Ulpien va toutefois plus loin que Julien en refusant même de payer aux héritiers de l'esclave tué sa valeur. En effet, selon lui, cet esclave serait devenu libre s'il avait été appelé à hériter, ce qui aurait eu pour conséquence que les héritiers n'auraient pas pu prétendre hériter de la valeur d'une personne libre, impropre à toute évaluation de nature patrimoniale.

Le fragment suivant discute de la situation dans laquelle un propriétaire d'esclaves n’a pas pu remplir une condition posée par le testateur, à savoir l’affranchissement de l'un d’eux, car cet esclave a été tué sans droit:

2. Idem Iulianus scribit, si institutus fuero sub condicione « si Stichum manumisero » et Stichus sit occisus post mortem testatoris, in aestimationem etiam hereditatis pretium me consecuturum: propter occisionem enim defecit condicio: quod si vivo testatore occisus sit, hereditatis aestimationem cessare, quia retrorsum quanti plurimi fuit inspicitur.

2. De même Iulianus a écrit que si j'avais été institué héritier, sous la condition que j'affranchisse Stichus, et que Stichus soit tué après la mort du testateur, j'aurais et le prix de l'esclave, et l'estimation de la succession, car en effet, une condition me manquera du fait que Stichus ait été tué. Par contre, si Stichus a été tué du vivant du testateur, on ne prendra plus en compte la valeur de la succession, car on ne considère que rétroactivement la valeur maximale.
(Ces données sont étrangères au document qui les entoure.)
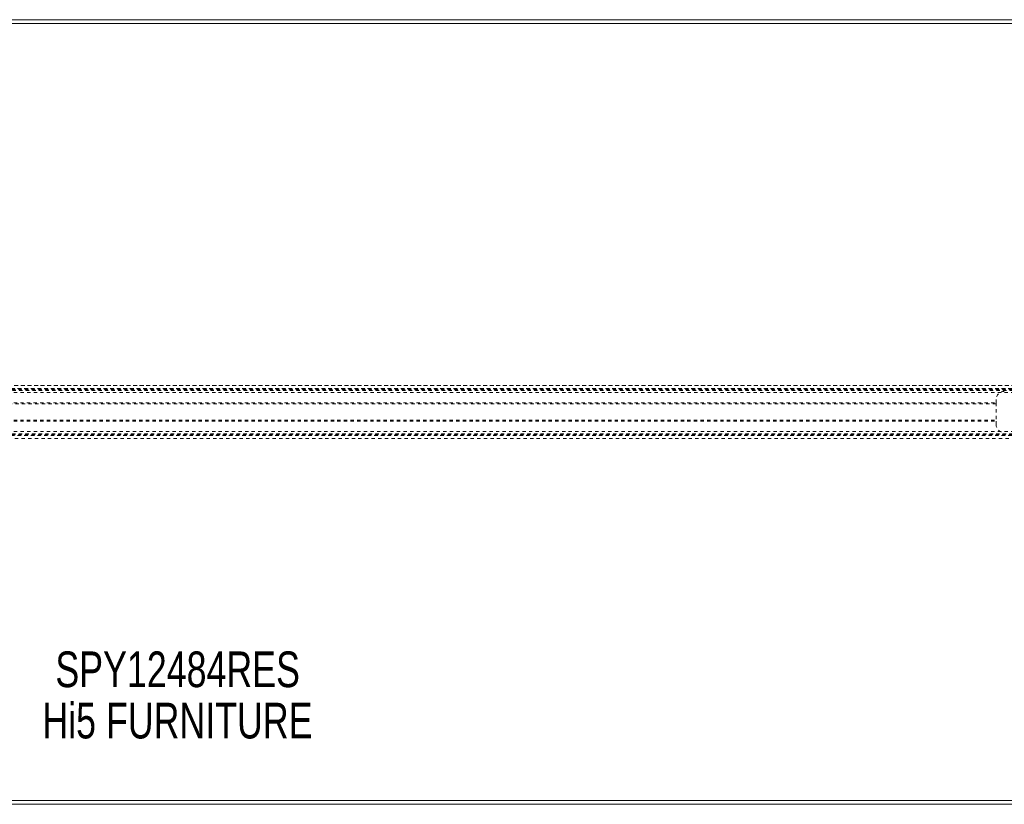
# Model space of a CAD drawing. Header units: inches. Extents: x 21.8 to 105.3, y 43.6 to 67.3.
# Tile 4 of 6: x 59.3 to 89.2, y 43.6 to 67.3. Entities that reach past the tile are written whole.
import ezdxf

# ---------------------------------------------------------------- set-up
doc = ezdxf.new("R2010")
doc.units = ezdxf.units.IN
doc.header["$MEASUREMENT"] = 0
doc.linetypes.add('SLD-Dashed', pattern=[0.075, 0.05, -0.025])
doc.linetypes.add('SLD-Solid', pattern=[0])
doc.layers.add('HI5-SYMBOLTEXT', color=5, linetype='SLD-Solid')
doc.styles.add('SLDTEXTSTYLE0', font='TXT', dxfattribs={"width": 0.75})

# ---------------------------------------------------------------- blocks, each defined once
blk = doc.blocks.new('SW_NOTE_0')
at = {"layer": 'HI5-SYMBOLTEXT', "color": 0, "char_height": 1.08, "attachment_point": 1, "style": 'SLDTEXTSTYLE0'}
for s, insert in [('SPY12484RES', (0, 1.392)), ('Hi5 FURNITURE', (-0.395, -0.16))]:
    blk.add_mtext(s, dxfattribs=dict(at, insert=insert))

msp = doc.modelspace()

# ---------------------------------------------------------------- linework, layer by layer
at = {"color": 7, "linetype": 'SLD-Solid', "lineweight": 15}
for p, q in [((21.788, 67.308), (105.288, 67.308)), ((21.906, 67.19), (105.17, 67.19)), ((105.17, 67.19), (21.906, 67.19)), ((105.288, 43.558), (21.788, 43.558)), ((105.17, 43.676), (21.906, 43.676)), ((21.906, 43.676), (105.17, 43.676))]:
    msp.add_line(p, q, dxfattribs=at)
at = {"color": 7, "linetype": 'SLD-Dashed', "lineweight": 0}
for p, q in [((34.199, 56.238), (92.877, 56.238)), ((92.877, 56.238), (34.2, 56.238)), ((34.282, 56.148), (92.795, 56.148)), ((34.282, 56.148), (92.795, 56.148)), ((92.797, 56.148), (34.282, 56.148)), ((34.286, 56.143), (92.791, 56.143)), ((34.288, 56.14), (92.788, 56.14)), ((34.293, 56.134), (92.783, 56.134)), ((34.301, 56.124), (92.776, 56.124)), ((34.302, 56.123), (92.775, 56.123)), ((34.313, 56.108), (92.763, 56.108)), ((34.328, 56.088), (92.749, 56.088)), ((34.369, 56.026), (92.707, 56.026)), ((88.913, 55.808), (88.913, 55.714)), ((38.163, 55.714), (88.913, 55.714)), ((88.913, 55.683), (38.163, 55.683)), ((88.913, 55.714), (88.913, 55.151)), ((38.163, 55.183), (88.913, 55.183)), ((38.163, 55.151), (88.913, 55.151)), ((88.913, 55.151), (88.913, 55.058)), ((34.199, 54.628), (92.877, 54.628)), ((34.2, 54.628), (92.876, 54.628)), ((34.282, 54.718), (92.795, 54.718)), ((34.282, 54.718), (92.795, 54.718)), ((34.286, 54.723), (92.791, 54.723)), ((34.287, 54.724), (92.79, 54.724)), ((34.288, 54.726), (92.788, 54.726)), ((34.298, 54.738), (92.778, 54.738)), ((34.302, 54.743), (92.775, 54.743)), ((34.313, 54.758), (92.763, 54.758)), ((34.321, 54.769), (92.755, 54.769)), ((34.369, 54.84), (92.707, 54.84))]:
    msp.add_line(p, q, dxfattribs=at)
for centre, start, end in [((89.163, 55.808), 90, 180), ((89.163, 55.058), 180, 270)]:
    msp.add_arc(centre, 0.25, start, end, dxfattribs=at)

# ---------------------------------------------------------------- block references
at = {"layer": 'HI5-SYMBOLTEXT', "color": 5}
msp.add_blockref('SW_NOTE_0', (60.424, 46.792), dxfattribs=at)

doc.saveas('drawing.dxf')
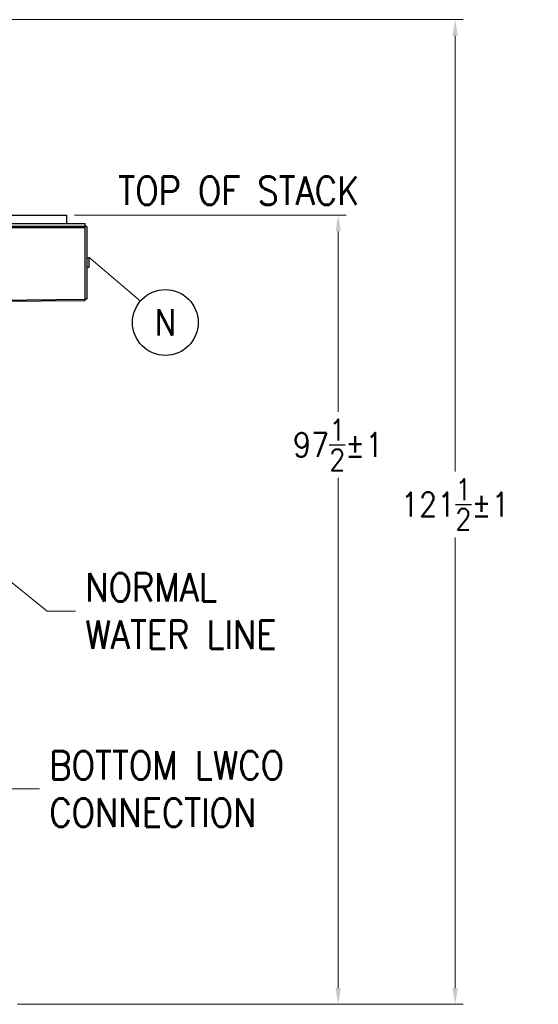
# Model space of a CAD drawing. Extents: x 1 to 669, y 0 to 417.
# Tile 256 of 256: x 375 to 439, y 165 to 286. Entities that reach past the tile are written whole.
import ezdxf
from ezdxf.enums import TextEntityAlignment as Align

# ---------------------------------------------------------------- set-up
doc = ezdxf.new("R2010")
doc.units = 0
doc.header["$LTSCALE"] = 12
doc.header["$MEASUREMENT"] = 0
doc.layers.get('0').update_dxf_attribs({"linetype": 'CONTINUOUS'})
doc.layers.add('D', color=2, linetype='CONTINUOUS')
doc.layers.add('Leader', color=41, linetype='CONTINUOUS', lineweight=13)
doc.styles.get("Standard").update_dxf_attribs({"font": 'SIMPLEX.SHX', "width": 0.875})
doc.dimstyles.get("Standard").update_dxf_attribs({"dimscale": 28, "dimtxt": 0.125, "dimasz": 0.125, "dimexe": 0.04375, "dimexo": 0.0625, "dimgap": 0.04375, "dimtad": 0, "dimtih": 1, "dimtoh": 1, "dimdec": 4, "dimzin": 12, "dimdsep": 46, "dimlunit": 5, "dimtxsty": 'Standard', "dimcen": 0, "dimclrd": 256, "dimclre": 256, "dimclrt": 256, "dimadec": 1, "dimazin": 3, "dimtfac": 0.875, "dimtdec": 4, "dimtofl": 0, "dimtmove": 0, "dimatfit": 2, "dimfxl": 1, "dimtolj": 1, "dimtzin": 12, "dimlwd": 13, "dimlwe": 13, "dimarcsym": 0})
doc.dimstyles.new('STANDARD$0', dxfattribs={"dimscale": 32, "dimtxt": 0.09375, "dimasz": 0.0625, "dimexe": 0.03125, "dimexo": 0.03125, "dimgap": 0.03125, "dimtad": 1, "dimtih": 1, "dimtoh": 1, "dimdec": 4, "dimzin": 12, "dimdsep": 46, "dimlunit": 5, "dimtxsty": 'Standard', "dimcen": -0.03125, "dimclrd": 256, "dimclre": 256, "dimclrt": 256, "dimadec": 0, "dimazin": 0, "dimtfac": 0.875, "dimtdec": 4, "dimtofl": 0, "dimtmove": 0, "dimatfit": 3, "dimfxl": 1, "dimtolj": 1, "dimtzin": 12, "dimlwd": 13, "dimlwe": 13, "dimarcsym": 0})

# ---------------------------------------------------------------- blocks, each defined once
blk = doc.blocks.new('*D61')
at = {"layer": 'D', "lineweight": 13, "transparency": 16777216}
for p, q in [((381.37, 261.96), (414.96, 261.96)), ((413.96, 259.96), (413.96, 237.7)), ((413.96, 166.59), (413.96, 229.57)), ((374.33, 164.59), (414.96, 164.59))]:
    blk.add_line(p, q, dxfattribs=at)
at = {"layer": 'D', "transparency": 16777216}
for points in [[(413.62, 259.96), (414.29, 259.96), (413.96, 261.96)], [(413.62, 166.59), (414.29, 166.59), (413.96, 164.59)]]:
    blk.add_solid(points, dxfattribs=at)
at = {"layer": 'D', "transparency": 16777216, "insert": (413.96, 233.63), "char_height": 3, "attachment_point": 5}
blk.add_mtext('\\A1;97{\\H0.875x;\\S1/2;}{}{\\C2;%%p1}', dxfattribs=at)
blk = doc.blocks.new('*D62')
at = {"layer": 'D', "lineweight": 13, "transparency": 16777216}
for p, q in [((327.32, 286.1), (429.41, 286.1)), ((428.41, 284.1), (428.41, 230.34)), ((428.41, 166.59), (428.41, 222.21)), ((374.33, 164.59), (429.41, 164.59))]:
    blk.add_line(p, q, dxfattribs=at)
at = {"layer": 'D', "transparency": 16777216}
for points in [[(428.07, 284.1), (428.74, 284.1), (428.41, 286.1)], [(428.07, 166.59), (428.74, 166.59), (428.41, 164.59)]]:
    blk.add_solid(points, dxfattribs=at)
at = {"layer": 'D', "transparency": 16777216, "insert": (428.41, 226.28), "char_height": 3, "attachment_point": 5}
blk.add_mtext('\\A1;121{\\H0.875x;\\S1/2;}{}{\\C2;%%p1}', dxfattribs=at)

msp = doc.modelspace()

# ---------------------------------------------------------------- linework, layer by layer
for p, q in [((364.40841, 261.96326), (380.40841, 261.96326)), ((380.40841, 261.96326), (380.40841, 260.96326)), ((382.72091, 260.40076), (364.95841, 260.40076)), ((365.23052, 260.96326), (382.72091, 260.96326)), ((382.72091, 260.58826), (365.23052, 260.58826)), ((382.72091, 260.58826), (382.72091, 260.96326)), ((382.90841, 260.58826), (382.72091, 260.58826)), ((382.72091, 260.40076), (382.72091, 260.58826)), ((382.72091, 251.58826), (382.72091, 260.40076)), ((382.90841, 260.58826), (382.90841, 251.58826)), ((383.15841, 256.67676), (382.90841, 256.67676)), ((383.15841, 256.67676), (383.15841, 255.49976)), ((383.15841, 255.49976), (382.90841, 255.49976)), ((370.27551, 251.47443), (382.72091, 251.58826)), ((382.90841, 251.58826), (382.72091, 251.58826)), ((382.72262, 251.40077), (382.72091, 251.58826)), ((382.72262, 251.40077), (370.27551, 251.28692))]:
    msp.add_line(p, q)
msp.add_arc((372.38203, 256.36032), 5.5, 47.2755961, 50.2387792)
at = {"layer": 'D'}
msp.add_circle((392.60818, 248.72805), 4.0625, dxfattribs=at)
at = {"layer": 'Leader'}
msp.add_line((383.1669, 256.80701), (389.52151, 251.36933), dxfattribs=at)

# ---------------------------------------------------------------- texts
at = {"layer": 'D', "width": 0.875}
msp.add_text('N', height=3.25, dxfattribs=at).set_placement((392.60818, 248.72805), align=Align.MIDDLE)
at = {"layer": 'D', "char_height": 3.5, "attachment_point": 4}
for s, insert in [('\\A1;TOP OF STACK', (386.78609, 264.98472)), ('\\A1;NORMAL \\PWATER LINE', (382.72252, 213.12441)), ('\\A1;BOTTOM LWCO \\PCONNECTION', (378.2761, 191.16693))]:
    msp.add_mtext(s, dxfattribs=dict(at, insert=insert))

# ---------------------------------------------------------------- dimensions: what is measured, and where the dimension line sits
at = {"layer": 'D'}
for base, p1, p2, picture, middle in [((428.40503, 164.58826), (326.32086, 286.09602), (373.3314, 164.58826), '*D62', (428.40503, 226.27639)), ((413.95828, 261.96326), (373.3314, 164.58826), (380.37381, 261.96326), '*D61', (413.95828, 233.63445))]:
    dim = msp.add_linear_dim(base=base, p1=p1, p2=p2, angle=90, text='<>{}{\\C2;%%p1}', dimstyle='STANDARD$0', override={"dimdec": 1, "dimtp": 1, "dimtm": 1, "dimarcsym": 1}, dxfattribs=at)
    dim.commit()
    dim.dimension.update_dxf_attribs({"geometry": picture, "text_midpoint": middle, "dimtype": 160})

# ---------------------------------------------------------------- leaders
at = {"layer": 'D', "annotation_type": 0, "has_hookline": 1, "hookline_direction": 0}
for points, text_width in [([(350.61313, 235.08826), (377.99752, 213.12441), (381.49752, 213.12441)], 26.6875), ([(345.12524, 220.08826), (373.5511, 191.16693), (377.0511, 191.16693)], 32.375)]:
    msp.add_leader(points, dimstyle='Standard', override={"dimgap": 0.04375, "dimtad": 0, "dimarcsym": 1}, dxfattribs=dict(at, text_width=text_width))

doc.saveas('drawing.dxf')

Ulpien reprend la discussion des vues de Julien et les approuve. Le fragment distingue ainsi deux hypothèses que nous allons exposer.

Selon la première hypothèse, la mort de l’esclave est survenue après le décès du testateur, mais avant que le propriétaire de l’esclave n'ait eu le temps d'affranchir ce dernier471. Dès lors, le propriétaire de l'esclave tué ne pourra plus, sans sa faute, remplir la condition suspensive posée par le testateur. Il se justifie de lui octroyer, dans le calcul de l'indemnité, son intérêt à ce que la succession lui soit dévolue, comme tel aurait été le cas s'il avait affranchi l'esclave (in aestimationem etiam hereditatis pretium me consecuturum), de même que la valeur du corps de l’esclave. En effet, la conjonction etiam (de plus) complète la notion de prix de l’esclave. Cette interprétation démontre que la valeur objective de l'esclave et l’intérêt sont tous les deux des postes du calcul du dommage.

Dans la seconde hypothèse, au contraire, l’esclave est tué avant la mort du testateur. Du moment que le premier chapitre de la lex Aquilia ne prend en compte que rétroactivement la valeur de l’esclave dans l’année écoulée, celui-ci n’a jamais valu le supplément relatif à l’expectative successorale472. Dès lors, le propriétaire de l'esclave ne peut prétendre au payement d'une quelconque indemnité à ce titre, et devra se contenter de la valeur objective de son esclave à l’exclusion de tout autre intérêt.